(Items listed in a dataset)
=== Section Start ===

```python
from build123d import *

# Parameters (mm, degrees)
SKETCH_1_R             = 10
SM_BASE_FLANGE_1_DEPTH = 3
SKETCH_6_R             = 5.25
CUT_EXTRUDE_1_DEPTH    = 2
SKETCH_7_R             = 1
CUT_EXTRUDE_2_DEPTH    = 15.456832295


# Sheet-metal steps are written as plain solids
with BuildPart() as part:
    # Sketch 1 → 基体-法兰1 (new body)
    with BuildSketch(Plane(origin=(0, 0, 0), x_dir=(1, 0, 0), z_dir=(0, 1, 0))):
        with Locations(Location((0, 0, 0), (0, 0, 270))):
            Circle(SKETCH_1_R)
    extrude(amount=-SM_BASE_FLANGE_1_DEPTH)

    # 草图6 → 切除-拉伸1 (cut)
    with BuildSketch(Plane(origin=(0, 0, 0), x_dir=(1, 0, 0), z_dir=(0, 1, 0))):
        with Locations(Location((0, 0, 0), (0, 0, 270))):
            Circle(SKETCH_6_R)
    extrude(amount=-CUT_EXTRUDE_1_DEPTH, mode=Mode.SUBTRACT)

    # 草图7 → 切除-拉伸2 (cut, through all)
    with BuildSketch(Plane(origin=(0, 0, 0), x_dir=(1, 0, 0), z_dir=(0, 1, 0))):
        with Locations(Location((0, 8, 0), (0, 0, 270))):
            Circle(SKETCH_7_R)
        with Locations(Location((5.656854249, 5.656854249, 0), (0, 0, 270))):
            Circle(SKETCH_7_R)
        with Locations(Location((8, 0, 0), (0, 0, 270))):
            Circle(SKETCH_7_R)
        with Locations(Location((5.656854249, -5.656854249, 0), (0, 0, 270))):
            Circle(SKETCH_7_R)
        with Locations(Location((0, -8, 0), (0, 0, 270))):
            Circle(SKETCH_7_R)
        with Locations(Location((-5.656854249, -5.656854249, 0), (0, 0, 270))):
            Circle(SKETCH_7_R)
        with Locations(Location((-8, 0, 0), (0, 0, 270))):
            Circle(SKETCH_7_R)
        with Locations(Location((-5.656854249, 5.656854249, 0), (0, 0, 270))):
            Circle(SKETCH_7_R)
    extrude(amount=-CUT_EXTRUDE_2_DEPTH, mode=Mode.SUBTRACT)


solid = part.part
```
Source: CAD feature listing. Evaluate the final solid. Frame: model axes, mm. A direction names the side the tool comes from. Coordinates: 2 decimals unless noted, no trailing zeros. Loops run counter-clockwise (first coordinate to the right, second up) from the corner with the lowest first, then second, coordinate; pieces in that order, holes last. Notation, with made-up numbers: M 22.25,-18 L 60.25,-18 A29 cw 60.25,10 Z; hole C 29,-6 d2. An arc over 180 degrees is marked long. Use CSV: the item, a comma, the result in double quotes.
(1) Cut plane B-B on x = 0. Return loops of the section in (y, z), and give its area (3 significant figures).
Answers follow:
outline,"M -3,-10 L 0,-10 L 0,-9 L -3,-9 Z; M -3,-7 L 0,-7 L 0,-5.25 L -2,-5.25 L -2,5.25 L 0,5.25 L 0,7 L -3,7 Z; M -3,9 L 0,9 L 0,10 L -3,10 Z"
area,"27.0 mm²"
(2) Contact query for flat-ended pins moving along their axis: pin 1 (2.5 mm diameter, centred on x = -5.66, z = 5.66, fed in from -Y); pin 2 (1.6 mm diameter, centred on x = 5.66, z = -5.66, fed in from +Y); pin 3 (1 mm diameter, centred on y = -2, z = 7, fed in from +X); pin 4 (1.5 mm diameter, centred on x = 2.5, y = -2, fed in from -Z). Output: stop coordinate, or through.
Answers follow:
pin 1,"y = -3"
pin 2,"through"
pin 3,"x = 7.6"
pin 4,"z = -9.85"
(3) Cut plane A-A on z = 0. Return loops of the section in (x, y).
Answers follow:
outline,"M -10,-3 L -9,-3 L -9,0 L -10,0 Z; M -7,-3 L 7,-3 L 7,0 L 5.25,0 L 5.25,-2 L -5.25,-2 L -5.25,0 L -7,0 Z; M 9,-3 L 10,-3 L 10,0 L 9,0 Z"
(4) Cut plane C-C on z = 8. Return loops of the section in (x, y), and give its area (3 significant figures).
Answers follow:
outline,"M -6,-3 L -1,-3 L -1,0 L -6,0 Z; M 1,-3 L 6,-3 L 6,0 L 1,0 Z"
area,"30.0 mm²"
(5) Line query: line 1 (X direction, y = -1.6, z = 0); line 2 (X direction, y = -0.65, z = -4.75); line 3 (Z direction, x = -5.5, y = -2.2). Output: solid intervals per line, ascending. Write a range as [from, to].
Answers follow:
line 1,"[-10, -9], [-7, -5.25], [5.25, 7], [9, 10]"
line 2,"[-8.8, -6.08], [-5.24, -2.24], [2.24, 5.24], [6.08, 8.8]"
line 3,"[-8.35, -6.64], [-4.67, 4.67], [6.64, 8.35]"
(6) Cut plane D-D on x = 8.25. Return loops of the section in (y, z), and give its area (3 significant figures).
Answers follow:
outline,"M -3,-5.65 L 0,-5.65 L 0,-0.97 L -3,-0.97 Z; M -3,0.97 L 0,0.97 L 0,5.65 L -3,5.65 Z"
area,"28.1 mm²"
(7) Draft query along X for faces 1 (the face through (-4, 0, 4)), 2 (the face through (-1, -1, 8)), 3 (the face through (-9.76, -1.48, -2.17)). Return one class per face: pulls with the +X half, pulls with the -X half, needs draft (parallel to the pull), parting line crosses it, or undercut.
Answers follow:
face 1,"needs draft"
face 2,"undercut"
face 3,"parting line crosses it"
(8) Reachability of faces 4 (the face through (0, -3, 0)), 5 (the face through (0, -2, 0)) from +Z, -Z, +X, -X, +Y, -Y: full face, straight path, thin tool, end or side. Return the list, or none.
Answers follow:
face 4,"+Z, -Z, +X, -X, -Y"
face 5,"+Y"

=== Section End ===

**Your instructions:** Would you copy each line of the records that contains "undercut"?

**Answer box:**
(7) Draft query along X for faces 1 (the face through (-4, 0, 4)), 2 (the face through (-1, -1, 8)), 3 (the face through (-9.76, -1.48, -2.17)). Return one class per face: pulls with the +X half, pulls with the -X half, needs draft (parallel to the pull), parting line crosses it, or undercut.
face 2,"undercut"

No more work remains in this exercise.